We are sending multiple requests to a gRPC server. But every once in a while we come across "Connection reset by peer" error with UNAVAILABLE status.

GRPC server: NestJS

Client: Python

Python version: 3.8

gRPCio version: 1.50.0

Code:

# Connect to server from client:

def connect_to_user_manager_server() -> AuthorizationControllerStub:
    channel = grpc.insecure_channel(envs.USER_MANAGER_GRPC_URL, options=(
        ('grpc.keepalive_time_ms', 120000),
        ('grpc.keepalive_permit_without_calls', True),
    ))
    stub = AuthorizationControllerStub(channel)

    return stub

client = connect_to_user_manager_server()

user_response = client.CheckAuthorization(authorizationData(authorization=token, requiredRoles=roles))
AminAli
  • 85
  • 7
  • To further debug this, you would need to figure out why the connection is being reset by the peer. One way to debug this would be to enable http and tcp traces in grpc. (GRPC_TRACE=http,tcp and GRPC_VERBOSITY=DEBUG). Looking at the logs from both the client and the server could help explain what's going on here. – Yash Tibrewal Jan 18 '23 at 19:09

1 Answers1

0

You can add a retry logic in your client code using a library such as retrying or by implementing it manually.

For instance, you can implement retry logic using the retrying library:

from retrying import retry

@retry(stop_max_attempt_number=3, wait_fixed=1000)
def connect_to_user_manager_server():
    channel = grpc.insecure_channel(envs.USER_MANAGER_GRPC_URL, options=(
        ('grpc.keepalive_time_ms', 120000),
        ('grpc.keepalive_permit_without_calls', True),
    ))
    stub = AuthorizationControllerStub(channel)
    return stub

This will retry the connect_to_user_manager_server function up to 3 times, with a 1 second delay between each retry.

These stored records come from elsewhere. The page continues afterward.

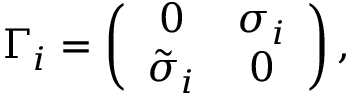Convert formula to latex. <formula><loc_0><loc_0><loc_500><loc_500>\Gamma _ { i } = \left ( \begin{array} { c c } { 0 } & { { \sigma _ { i } } } \\ { { { \tilde { \sigma } } _ { i } } } & { 0 } \end{array} \right ) ,</formula> 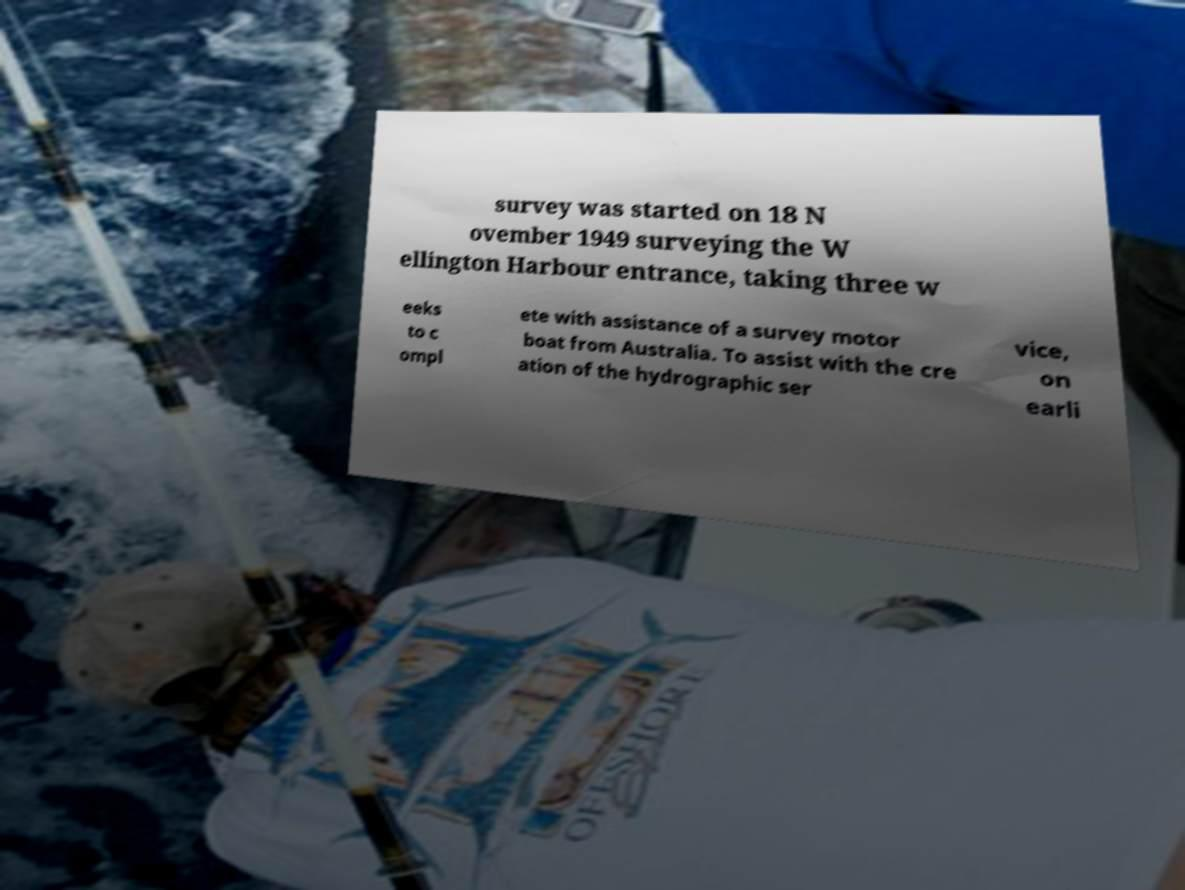Can you read and provide the text displayed in the image?This photo seems to have some interesting text. Can you extract and type it out for me? survey was started on 18 N ovember 1949 surveying the W ellington Harbour entrance, taking three w eeks to c ompl ete with assistance of a survey motor boat from Australia. To assist with the cre ation of the hydrographic ser vice, on earli 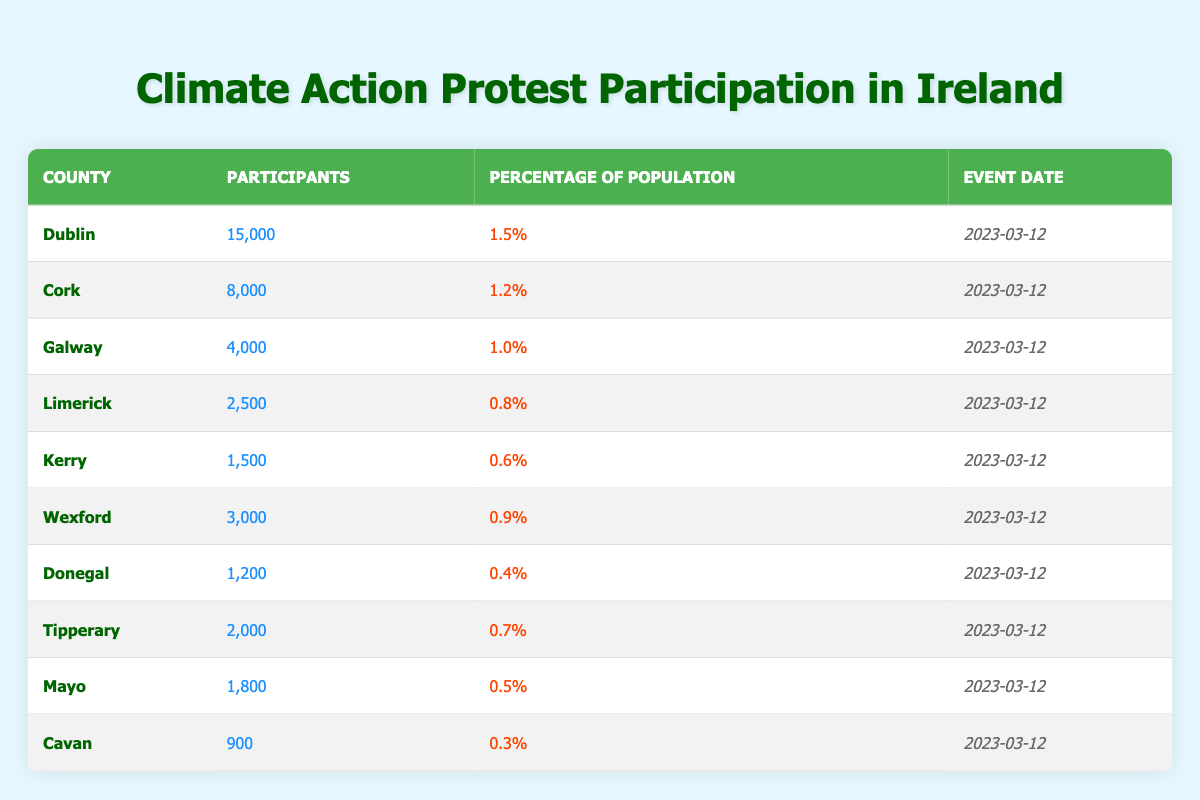What county had the highest number of participants? By examining the participants column in the table, we can see that Dublin had 15,000 participants, which is the highest number among all listed counties.
Answer: Dublin What percentage of the population participated in the climate action protest in Galway? According to the table, Galway had a participation percentage of 1.0% listed in the percentage of population column.
Answer: 1.0% How many more participants attended the protest in Cork compared to Limerick? Cork had 8,000 participants while Limerick had 2,500 participants. Subtracting Limerick's participants from Cork's (8,000 - 2,500) gives us 5,500 more participants.
Answer: 5,500 What is the average percentage of population participating in the protest across all counties listed? To find the average, we sum the percentages: (1.5 + 1.2 + 1.0 + 0.8 + 0.6 + 0.9 + 0.4 + 0.7 + 0.5 + 0.3) = 7.6%. There are 10 counties, so the average is 7.6% / 10 = 0.76%.
Answer: 0.76% Did any county have a participation percentage above 1%? By reviewing the percentage of population column, Dublin (1.5%) and Cork (1.2%) are both above 1%. Therefore, the answer is yes.
Answer: Yes Which county had the lowest participation in the protest? Looking at the participants column, Donegal had 1,200 participants, which is the lowest compared to the other counties.
Answer: Donegal If we combine the participation from Kieran and Tipperary, how many participants were there? Kieran had 1,500 participants and Tipperary had 2,000 participants. Adding these together (1,500 + 2,000) gives us 3,500 total participants for those two counties.
Answer: 3,500 True or False: More than 2,000 participants attended the protest in Kerry. The table shows that Kerry had 1,500 participants, which is not more than 2,000, so the statement is false.
Answer: False What is the total number of participants from all counties listed in the table? To find the total, we sum up the participants from all counties: 15,000 + 8,000 + 4,000 + 2,500 + 1,500 + 3,000 + 1,200 + 2,000 + 1,800 + 900 = 38,900 participants in total.
Answer: 38,900

You can also implement it manually using a loop and try-catch block, like this:

attempt = 1
max_attempts = 3
while attempt <= max_attempts:
    try:
        channel = grpc.insecure_channel(envs.USER_MANAGER_GRPC_URL, options=(
            ('grpc.keepalive_time_ms', 120000),
            ('grpc.keepalive_permit_without_calls', True),
        ))
        stub = AuthorizationControllerStub(channel)
        break
    except Exception as e:
        if attempt == max_attempts:
            raise e
        attempt += 1
        time.sleep(1)

This will also retry the connection to the server up to 3 times, with a 1 second delay between each retry.

You can adjust the number of retries and the delay time to fit your needs.